Only then are we really saving on IO.
[Witten] The original proposal saves network IO not only on the initial 
compactions but also on all the other compactions.
...

[Witten] The performance value of the original proposal is not certain (as can 
be seen by repeated use of IF in my comments here).  I think it hinges on the 
question I asked in my last comment post: Is it better to have local reads and 
writes and reduce network overhead, or is it better to limit disk reads by 
having them only occur on one replica (as the current implementation does) and 
thereby reduce disk read overhead.  There may not be a simple answer to this 
question.  It may be that the original proposal is worse on a LAN but when 
replicas are geographically far away reducing network IO is worth the cost of 
extra local disk reads.  I'm still interested in comments about this question.


> Change HBase to support local compactions
> -----------------------------------------
>
>                 Key: HBASE-10216
>                 URL: https://issues.apache.org/jira/browse/HBASE-10216
>             Project: HBase
>          Issue Type: New Feature
>          Components: Compaction
>         Environment: All
>            Reporter: David Witten
>
> As I understand it compactions will read data from DFS and write to DFS.  

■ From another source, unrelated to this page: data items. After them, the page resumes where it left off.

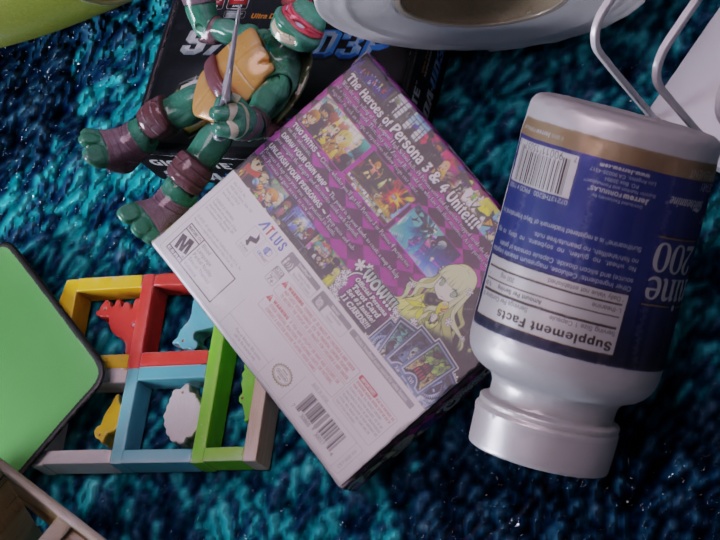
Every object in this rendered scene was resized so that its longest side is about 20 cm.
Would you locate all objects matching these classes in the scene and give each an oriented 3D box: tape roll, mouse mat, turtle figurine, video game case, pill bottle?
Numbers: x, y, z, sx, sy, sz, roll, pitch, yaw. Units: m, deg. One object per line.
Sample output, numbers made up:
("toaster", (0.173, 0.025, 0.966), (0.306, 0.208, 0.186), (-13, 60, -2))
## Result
("tape roll", (0.071, -0.192, 1.427), (0.202, 0.202, 0.071), (-9, 75, 25))
("mouse mat", (-0.263, 0.094, 1.601), (0.200, 0.008, 0.161), (-50, 49, 8))
("turtle figurine", (-0.085, -0.117, 1.504), (0.200, 0.101, 0.150), (-47, 38, 21))
("video game case", (0.000, 0.000, 1.460), (0.181, 0.036, 0.200), (-42, 72, 6))
("pill bottle", (0.124, 0.009, 1.351), (0.111, 0.111, 0.200), (19, 99, 35))

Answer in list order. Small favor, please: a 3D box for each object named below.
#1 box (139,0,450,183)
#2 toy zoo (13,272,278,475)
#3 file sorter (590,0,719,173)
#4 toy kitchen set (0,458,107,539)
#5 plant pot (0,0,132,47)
("box", (-0.040, -0.134, 1.575), (0.200, 0.046, 0.159), (5, 70, 31))
("toy zoo", (-0.139, 0.065, 1.551), (0.200, 0.020, 0.132), (-3, 66, 28))
("file sorter", (0.252, -0.119, 1.356), (0.200, 0.125, 0.139), (32, 85, 36))
("toy kitchen set", (-0.252, 0.198, 1.424), (0.163, 0.200, 0.181), (34, 74, 14))
("plant pot", (-0.271, -0.229, 1.686), (0.200, 0.187, 0.188), (-26, 55, 35))
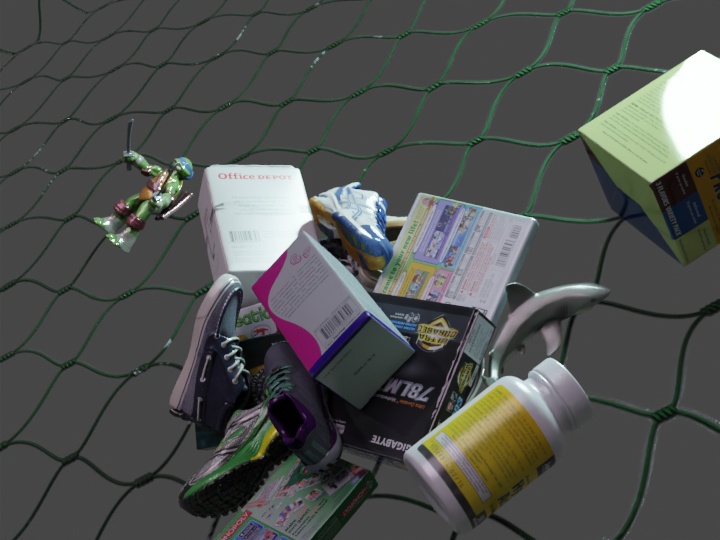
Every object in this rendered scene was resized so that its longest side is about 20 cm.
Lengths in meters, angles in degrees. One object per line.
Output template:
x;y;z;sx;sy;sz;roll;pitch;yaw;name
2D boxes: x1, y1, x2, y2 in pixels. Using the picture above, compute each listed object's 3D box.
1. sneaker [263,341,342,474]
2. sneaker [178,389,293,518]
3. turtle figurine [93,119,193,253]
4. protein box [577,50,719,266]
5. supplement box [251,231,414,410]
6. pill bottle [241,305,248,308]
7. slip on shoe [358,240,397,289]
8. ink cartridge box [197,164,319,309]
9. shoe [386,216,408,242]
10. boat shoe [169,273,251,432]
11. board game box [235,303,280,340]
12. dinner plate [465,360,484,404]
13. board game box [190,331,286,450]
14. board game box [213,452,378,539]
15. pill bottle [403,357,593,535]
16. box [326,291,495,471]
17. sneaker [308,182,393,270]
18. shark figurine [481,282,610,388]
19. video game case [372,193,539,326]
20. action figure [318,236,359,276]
-0.083;0.146;1.581;0.074;0.087;0.201;-38;45;9;sneaker
-0.149;0.230;1.651;0.199;0.078;0.085;-39;50;-18;sneaker
-0.395;-0.144;2.307;0.194;0.144;0.200;-49;-11;2;turtle figurine
0.421;-0.146;1.665;0.199;0.136;0.199;-32;31;-3;protein box
-0.037;0.058;1.598;0.101;0.103;0.200;-46;42;6;supplement box
-0.151;0.030;1.918;0.108;0.110;0.201;-11;37;28;pill bottle
0.094;-0.024;1.769;0.197;0.061;0.077;-7;52;-10;slip on shoe
-0.141;-0.049;1.857;0.145;0.083;0.202;-1;49;-19;ink cartridge box
0.037;-0.058;1.922;0.198;0.070;0.054;-3;48;40;shoe
-0.173;0.113;1.711;0.092;0.074;0.202;23;100;23;boat shoe
-0.117;0.105;1.776;0.198;0.128;0.035;-17;-4;22;board game box
0.067;0.153;1.647;0.198;0.024;0.201;-21;34;14;dinner plate
-0.133;0.155;1.732;0.198;0.028;0.137;-12;75;26;board game box
-0.087;0.300;1.564;0.200;0.029;0.134;-46;34;-23;board game box
0.154;0.187;1.442;0.199;0.112;0.111;-37;32;-9;pill bottle
0.043;0.131;1.585;0.199;0.050;0.200;9;67;45;box
0.004;-0.071;1.772;0.087;0.076;0.200;-28;35;-13;sneaker
0.191;0.066;1.608;0.214;0.090;0.127;-44;33;-24;shark figurine
0.112;0.006;1.685;0.180;0.022;0.202;15;71;33;video game case
0.000;0.000;1.847;0.118;0.102;0.201;-26;47;11;action figure

> This means that even when the reading occurs on the local host (because 
> region server has a local copy) all the writing must go over the network to 
> the other replicas.  This proposal suggests that HBase would perform much 
> better if all the reading and writing occurred locally and did not go over 
> the network. 
> I propose that the DFS interface be extended to provide method that would 
> merge files so that the merging and deleting can be performed on local data 
> nodes with no file contents moving over the network.  The method would take a 
> list of paths to be merged and deleted and the merged file path and an 
> indication of a file-format-aware class that would be run on each data node 
> to perform the merge.  The merge method provided by this merging class would 
> be passed files open for reading for all the files to be merged and one file 
> open for writing.  The custom class provided merge method would read all the 
> input files and append to the output file using some standard API that would 
> work across all DFS implementations.  The DFS would ensure that the merge had 
> happened properly on all replicas before returning to the caller.  It could 
> be that greater resiliency could be achieved by implementing the deletion as 
> a separate phase that is only done after enough of the replicas had completed 
> the merge. 
> HBase would be changed to use the new merge method for compactions, and would 
> provide an implementation of the merging class that works with HFiles.
> This proposal would require a custom code that understands the file format to 
> be runnable by the data nodes to manage the merge.  So there would need to be 
> a facility to load classes into DFS if there isn't such a facility already.  
> Or, less generally, HDFS could build in support for HFile merging.
> The merge method might be optional.  If the DFS implementation did not 
> provide it a generic version that performed the merge on top of the regular 
> DFS interfaces would be used.
> It may be that this method needs to be tweaked or ignored when the region 
> server does not have a local copy data so that, as happens currently, one 
> copy of the data moves to the region server.